Find the right side of equation (13) by rounding it to the nearest whole number.

As described above, this embodiment is used by being attached to the screen of the spherical display surface 22 of a CRT display device.
When a finger or the like touches 2, the touched position is displayed on the light emitting diode 11. In an infrared type touch screen that has a planar detection surface 21 that is detected by a phototransistor 12, and in which data is input by directly touching the display surface 22, the display surface 22 of the CRT display device and the detection surface are connected to each other. 21, the display surface 22 and the detection surface 21 are located at the outermost part of the screen.
The distance Z-1 is the distance from the viewpoint position V to the detection surface 21, and the distance between the infrared beams in the horizontal and vertical directions ΔX,
Since the coordinates M and N of the correct detection position on the detection surface 21 are corrected and determined by (8) to (13) using ΔY, etc., the difference between the detection position and the display position based on the viewpoint positions a and V is calculated. It becomes possible to correct the deviation between the two and find the correct detection position.

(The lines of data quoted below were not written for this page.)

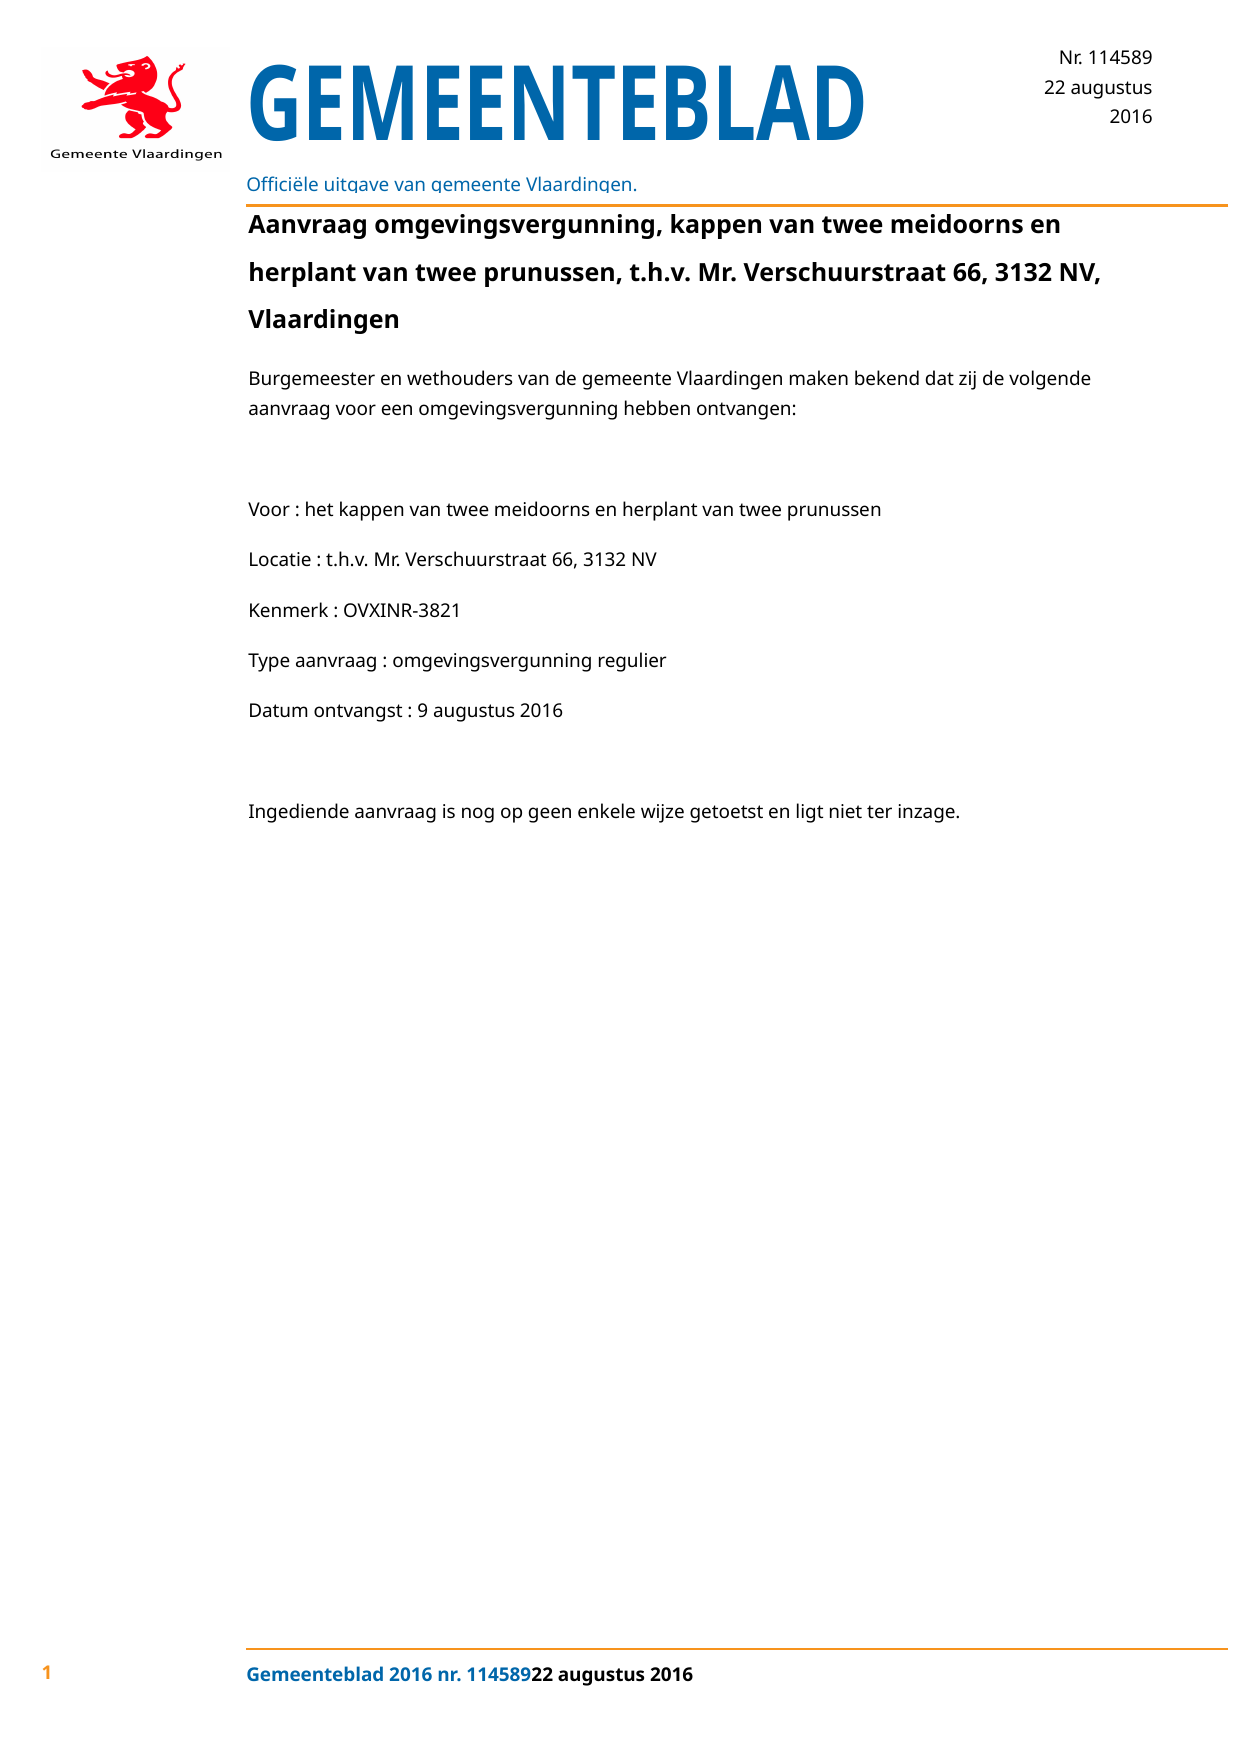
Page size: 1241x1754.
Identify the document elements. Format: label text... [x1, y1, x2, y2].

text Aanvraag omgevingsvergunning, kappen van twee meidoorns en herplant van twee prunussen, t.h.v. Mr. Verschuurstraat 66, 3132 NV, Vlaardingen [248, 207, 1152, 336]
text Kenmerk : OVXINR-3821 [248, 597, 1152, 622]
text Burgemeester en wethouders van de gemeente Vlaardingen maken bekend dat zij de volgende aanvraag voor een omgevingsvergunning hebben ontvangen: [248, 366, 1152, 421]
text Ingediende aanvraag is nog op geen enkele wijze getoetst en ligt niet ter inzage. [248, 798, 1152, 824]
text Voor : het kappen van twee meidoorns en herplant van twee prunussen [248, 496, 1152, 522]
text Datum ontvangst : 9 augustus 2016 [248, 698, 1152, 723]
text Type aanvraag : omgevingsvergunning regulier [248, 647, 1152, 673]
picture [41, 47, 231, 172]
text Locatie : t.h.v. Mr. Verschuurstraat 66, 3132 NV [248, 546, 1152, 572]

It should be noted that the present invention is not limited to the above-mentioned example, but can be implemented with various modifications without changing the gist thereof.

[Effects of the Invention] As explained above, according to the present invention, there is a flat surface that is attached to the front surface of a spherical display screen of a CRT display device, and that detects the touched position when the display screen is touched. It also has a detection surface of.

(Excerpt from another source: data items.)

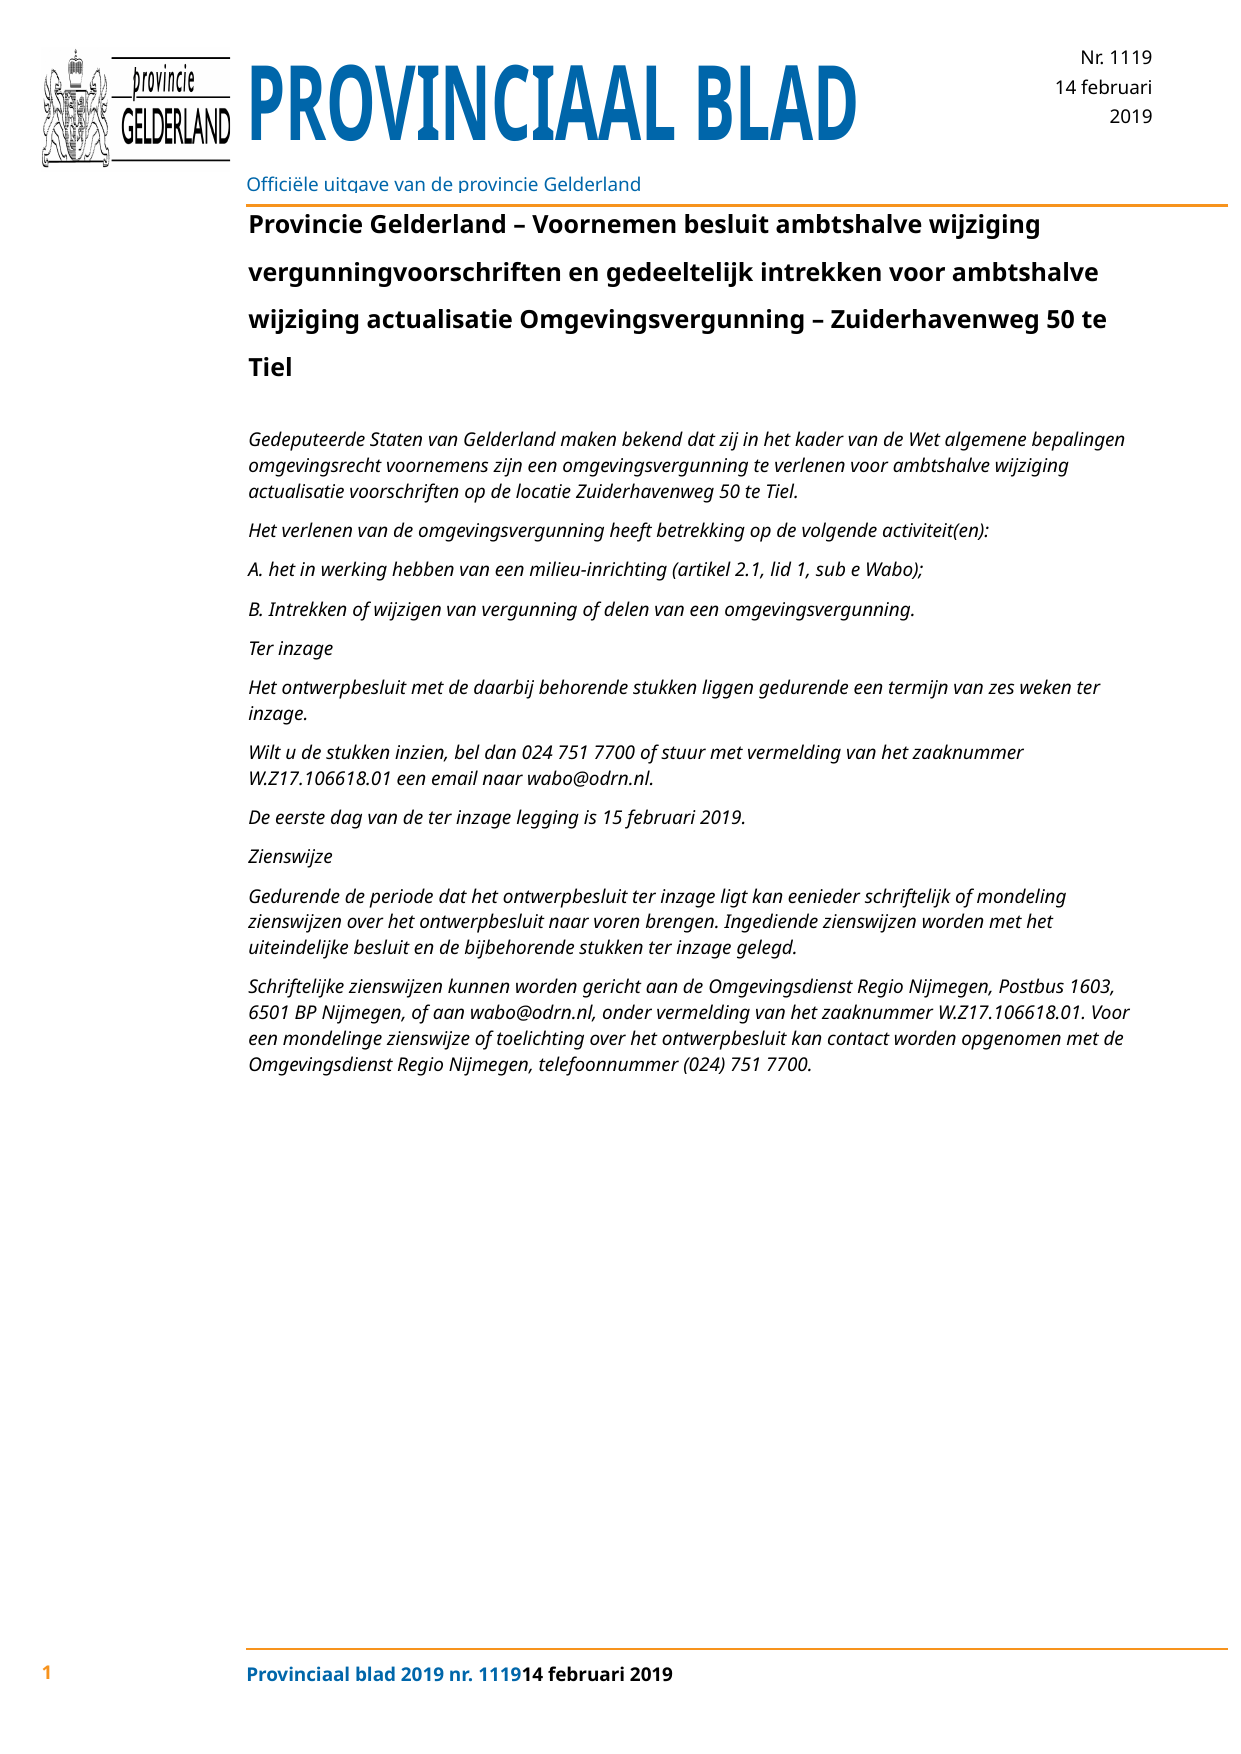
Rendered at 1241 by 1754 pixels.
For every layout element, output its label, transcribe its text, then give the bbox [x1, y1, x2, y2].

text Ter inzage [248, 635, 1152, 661]
text Schriftelijke zienswijzen kunnen worden gericht aan de Omgevingsdienst Regio Nijmegen, Postbus 1603, 6501 BP Nijmegen, of aan wabo@odrn.nl, onder vermelding van het zaaknummer W.Z17.106618.01. Voor een mondelinge zienswijze of toelichting over het ontwerpbesluit kan contact worden opgenomen met de Omgevingsdienst Regio Nijmegen, telefoonnummer (024) 751 7700. [248, 974, 1152, 1077]
text Wilt u de stukken inzien, bel dan 024 751 7700 of stuur met vermelding van het zaaknummer W.Z17.106618.01 een email naar wabo@odrn.nl. [248, 739, 1152, 791]
text Gedeputeerde Staten van Gelderland maken bekend dat zij in het kader van de Wet algemene bepalingen omgevingsrecht voornemens zijn een omgevingsvergunning te verlenen voor ambtshalve wijziging actualisatie voorschriften op de locatie Zuiderhavenweg 50 te Tiel. [248, 427, 1152, 504]
text Het ontwerpbesluit met de daarbij behorende stukken liggen gedurende een termijn van zes weken ter inzage. [248, 674, 1152, 726]
text Het verlenen van de omgevingsvergunning heeft betrekking op de volgende activiteit(en): [248, 517, 1152, 543]
picture [41, 47, 231, 172]
text De eerste dag van de ter inzage legging is 15 februari 2019. [248, 804, 1152, 830]
text Provincie Gelderland – Voornemen besluit ambtshalve wijziging vergunningvoorschriften en gedeeltelijk intrekken voor ambtshalve wijziging actualisatie Omgevingsvergunning – Zuiderhavenweg 50 te Tiel [248, 207, 1152, 384]
text B. Intrekken of wijzigen van vergunning of delen van een omgevingsvergunning. [248, 596, 1152, 622]
text Zienswijze [248, 844, 1152, 869]
text A. het in werking hebben van een milieu-inrichting (artikel 2.1, lid 1, sub e Wabo); [248, 557, 1152, 582]
text Gedurende de periode dat het ontwerpbesluit ter inzage ligt kan eenieder schriftelijk of mondeling zienswijzen over het ontwerpbesluit naar voren brengen. Ingediende zienswijzen worden met het uiteindelijke besluit en de bijbehorende stukken ter inzage gelegd. [248, 883, 1152, 960]

In a touch screen where data is input by directly touching the display screen, when the display screen of the CRT display device and the detection surface are separated, the distance between the display screen and the detection surface is Using the distance mz, the distance L from the viewpoint position to the detection plane, and the coordinates X-, Y- of the actual detection position on the detection plane, the coordinates X, Y of the normal detection position on the detection plane are expressed as X= Z/L X-+X-.

Y=Z/L Y-+Y", so the touch screen parallax correction makes it possible to correct the deviation between the detected position and the display position due to the viewpoint position and find the correct detected position. method can be provided.

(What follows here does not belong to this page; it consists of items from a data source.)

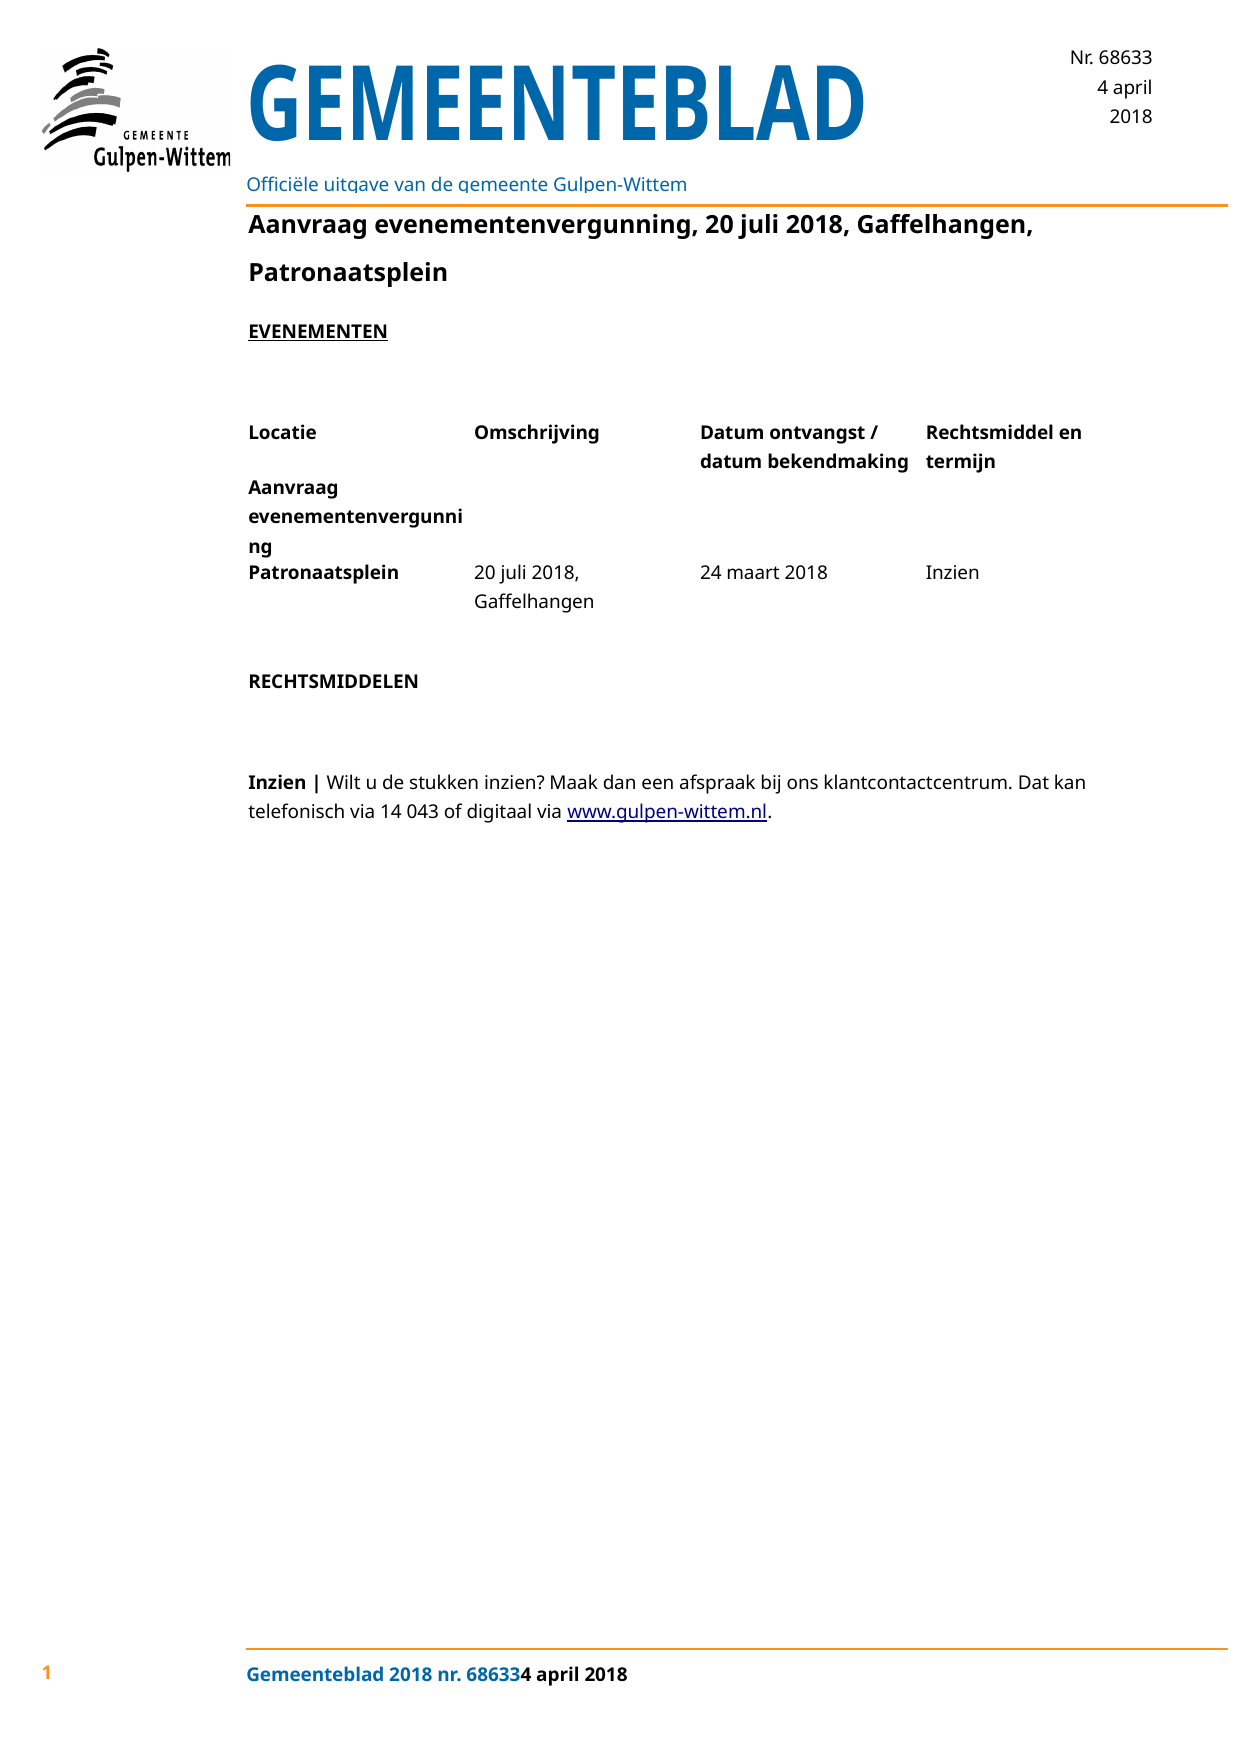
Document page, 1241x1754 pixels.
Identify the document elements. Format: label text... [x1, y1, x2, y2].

table_header Omschrijving [474, 419, 700, 474]
table_cell [474, 474, 700, 559]
table_cell Patronaatsplein [248, 559, 474, 614]
table_header Datum ontvangst / datum bekendmaking [700, 419, 926, 474]
table_cell 24 maart 2018 [700, 559, 926, 614]
table_header Locatie [248, 419, 474, 474]
table_cell Inzien [926, 559, 1152, 614]
text RECHTSMIDDELEN [248, 668, 1152, 694]
picture [41, 47, 231, 172]
text Inzien | Wilt u de stukken inzien? Maak dan een afspraak bij ons klantcontactcentrum. Dat kan telefonisch via 14 043 of digitaal via www.gulpen-wittem.nl. [248, 769, 1152, 824]
table_header Rechtsmiddel en termijn [926, 419, 1152, 474]
text Aanvraag evenementenvergunning, 20 juli 2018, Gaffelhangen, Patronaatsplein [248, 207, 1152, 288]
text EVENEMENTEN [248, 318, 1152, 344]
table_cell [700, 474, 926, 559]
table_cell 20 juli 2018, Gaffelhangen [474, 559, 700, 614]
table_cell Aanvraag evenementenvergunning [248, 474, 474, 559]
table_cell [926, 474, 1152, 559]

[Brief explanation of drawings]

FIG. 1 is a diagram for explaining an embodiment of the touch screen parallax correction method according to the present invention, FIG. 2 is a diagram for explaining an example of the principle of an infrared type touch screen, and FIG. FIG. 3 is a diagram for explaining a problem. DESCRIPTION OF SYMBOLS 11... Light emitting diode, 12... Phototransistor, 21... Detection surface, 22... Display surface. Applicant's agent Patent attorney Takehiko Suzue Figure 1 12 2 years old) ■-7 Synsta Figure 2 Figure 3

Claims (1)

[Scope of Claims] Used by being attached to the front of a spherical display screen of a CRT display device, the display screen has a flat detection surface that detects a touched position when the display screen is touched; In a touch screen where data input operations are performed by directly touching, when the display screen of the CRT display device and the detection surface are separated, the distance Z between the display screen and the detection surface; Using the distance L from the viewpoint position to the detection plane and the coordinates X', Y' of the actual detection position on the detection plane, calculate the coordinates X, Y of the normal detection position on the detection plane as X=Z/LX A parallax correction method for a touch screen, characterized in that the parallax correction method for a touch screen is obtained by correcting as follows: '+X', Y=Z/LY'+Y'.